Introduction to Creep | Creep Abaqus modeling
One of the important issues in studying mechanical systems is determining the service life of their components. Engineers need to be aware of the time to failure of system components to prevent extensive damages. As you may know, one of the causes of mechanical component failure is the creep phenomenon.
Creep is a phenomenon in materials science and engineering where gradual deformation or strain occurs over time under a constant load or stress, particularly at elevated temperatures. Understanding and analyzing creep behavior is of significant importance in various industries, including power generation, aerospace, and manufacturing. Creep analysis allows engineers to predict the long-term deformation and potential failure of materials, enabling the design of structures and components that can withstand these conditions. Therefore, determining the life of components subjected to creep is of great importance.
Lesson 1: What is Creep?
In this lesson, first, the creep phenomenon is defined: Creep is time-dependent deformation of a material, and it typically occurs at high temperatures and under constant stress. These stresses are usually lower than the yield stress. Therefore, we can consider three influential factors on creep: time, temperature, and stress level. Since many industrial components operate under constant stress lower than the yield stress and in high-temperature environments, numerous industrial components experience failure due to creep phenomenon. Therefore, the investigation and simulation of the creep phenomenon are of great importance.

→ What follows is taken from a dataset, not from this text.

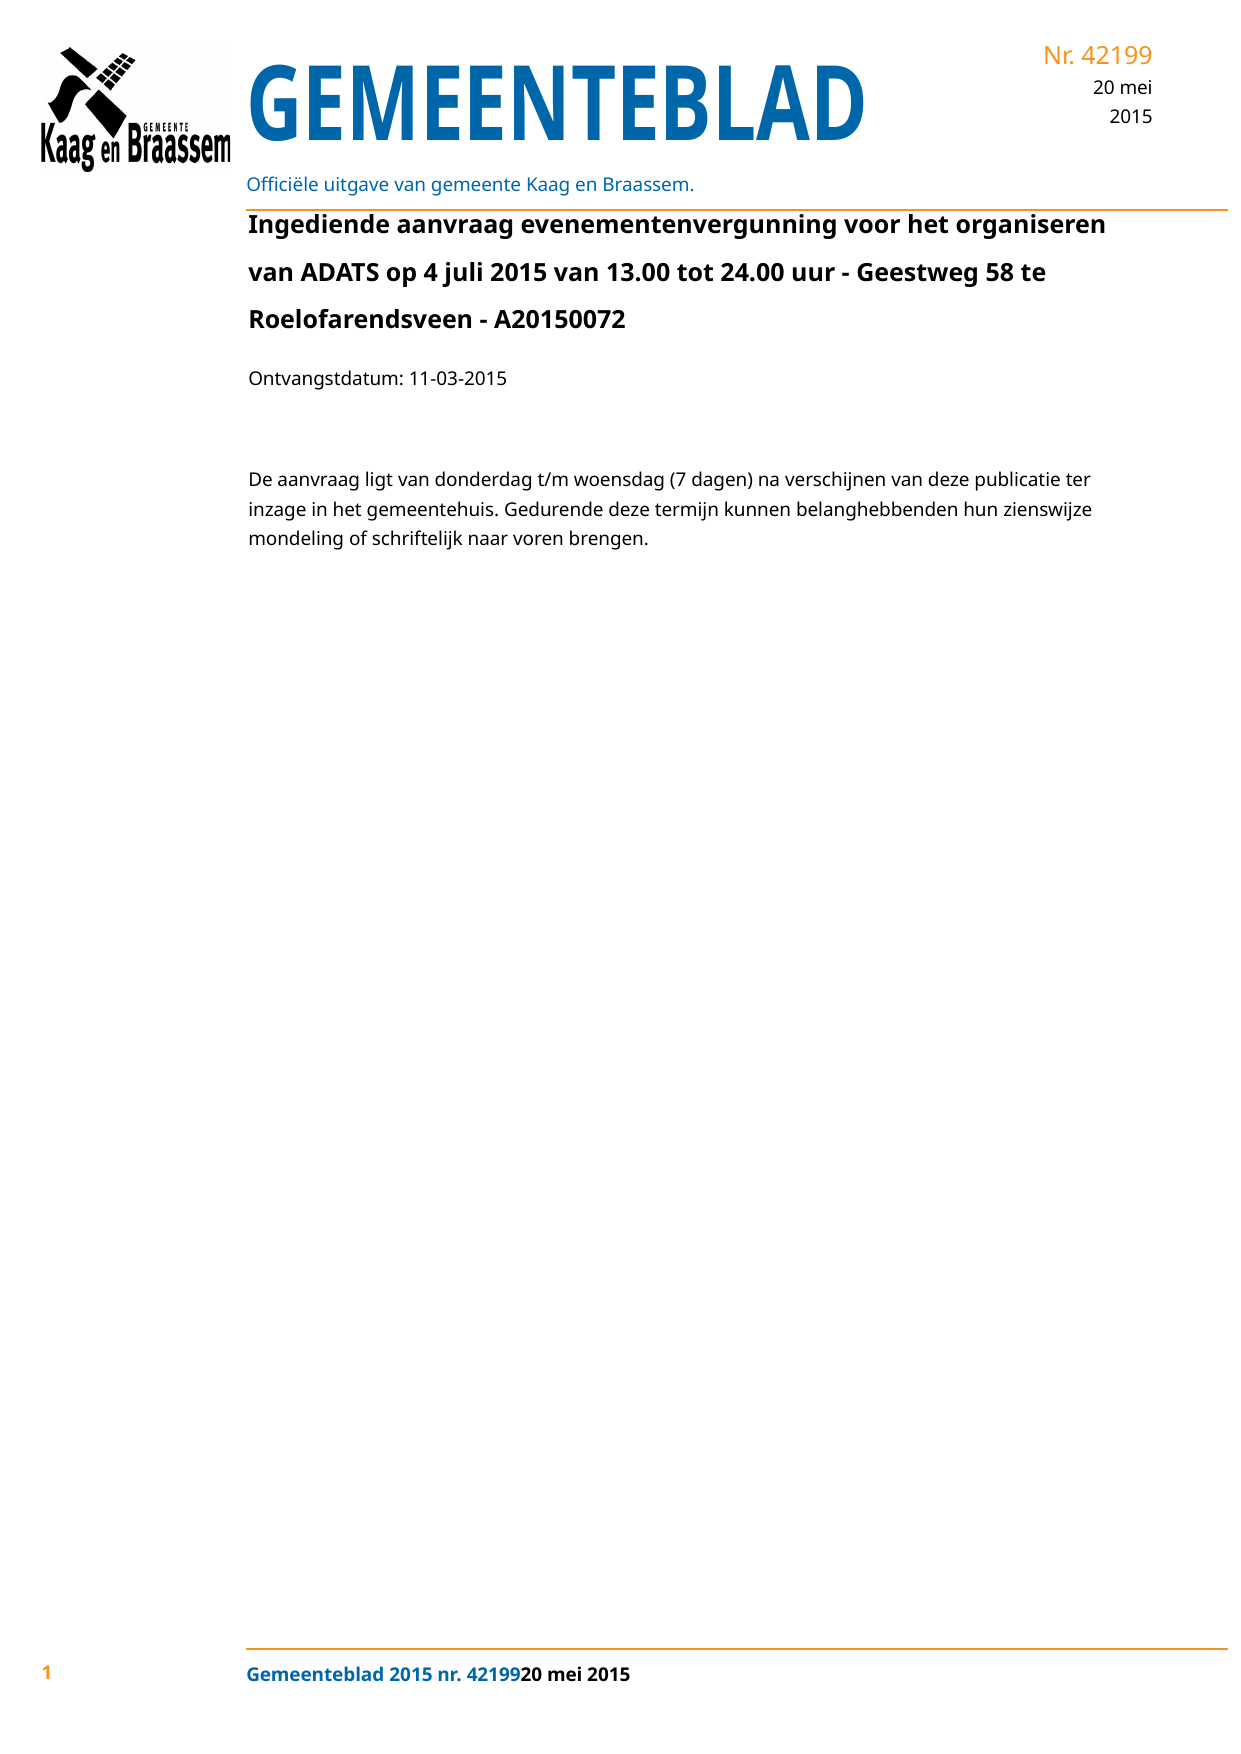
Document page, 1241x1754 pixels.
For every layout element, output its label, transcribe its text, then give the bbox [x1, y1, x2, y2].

Moreover, you will learn more about the temperature factor: The first temperature effect is Vacancy Concentration. In crystalline materials, some atoms are missing from their intended positions in the lattice. These defects in the crystal lattice are called vacancy Concentration. Increasing temperature leads to an increase in the concentration of vacancies, and an increased concentration of vacancies aids the creep process. Also, the creep curve will be discussed, which helps you to better understand the stages of creep. Usually, the strain-time diagram is used to study the creep process. To examine this diagram, you should know the standard creep test methods. The standard creep test is generally performed in two ways: constant load and constant stress. In first method, only a constant load is applied to the sample and the amount of load does not change over time. In the second method, which requires advanced equipment, a constant stress is applied. In this method, considering that the cross-sectional area of the sample is constantly decreasing during the test, the force must also decrease in order to keep the stress constant.
Lesson 2: What are creep life estimation models?
Engineers need to be aware of the time to failure of system components to prevent extensive damages. As you may know, one of the causes of mechanical component failure is the creep phenomenon. In this section, you will study methods for determining the life of components under creep: Larson-Miller, Orr-Sherby-Dorn, and Polynomials estimation models.
Lesson 3: What are creep models?
There are several models to simulate the creep behavior with and in this lesson, you will learn all the models in the Abaqus. Simulation of creep behavior in Abaqus, provides valuable insights into material response under sustained loads and high temperatures. Abaqus offers sophisticated creep modeling capabilities that enable engineers to accurately predict creep deformation and assess the structural integrity of components over time. In Abaqus, creep can be simulated using various creep models:
- Time-Hardening law: When dealing with loading conditions where the stress or temperature is changing, it is necessary to have a proper hardening relation to accurately models the material behavior. However, in general, it is not recommended to use the time hardening relation when the stress is changing.
- Time-Power law: The time-power law is equivalent to the time hardening law but with modifications to avoid computational problems.
- Strain-Hardening law: This law is suitable for modeling the creep behavior under changing stress conditions. However, similar to the time hardening law, it is more appropriate for low stress levels.
- Power law: The power law is equivalent to the strain hardening law with some slight differences.
- Hyperbolic-Sine law: The hyperbolic sine law, along with the subsequent laws, effectively models creep due to their consideration of the effects of temperature, stress, and time.
- Anand law
- Darveaux law
- Double Power law
These models capture the time-dependent behavior of materials by incorporating parameters like creep exponent, activation energy, and reference stress. Also, if you need another model or a user-defined creep model, you can use the Creep subroutine, which will be explained in workshop 2. Moreover, according to the Abaqus documentation, none of the above models are suitable for modeling the creep cyclic loading, which leaves us with only one option and that is the Creep subroutine.
Workshop 1: Creep process on a standard specimen using Strain-Hardening law
In this workshop, the creep process is simulated to a standard specimen using the Strain-Hardening law. One side of the model is fixed and the other is subjected to the tensile stress. Two steps are used for this modeling; one for the initial loading and the other for the creep. The first step is “Static, General” and the second step is “Visco”. The “Visco” step is for quasi-static problems and the ones whose answers are time-dependent, such as creep and viscoelasticity. In the end, we monitor the strain results due to the creep process.
Workshop 2: Applying creep process on a standard specimen using Creep subroutine
The problem description of this workshop is just like the previous one, but this time the Creep subroutine is used to apply the Strain-Hardening law to the model. The subroutine and all its variables are introduced; the subroutine is explained line by line in this workshop so you can understand how to work with it. In the end, the results of this modeling will be compared with the previous workshop to validate the subroutine results.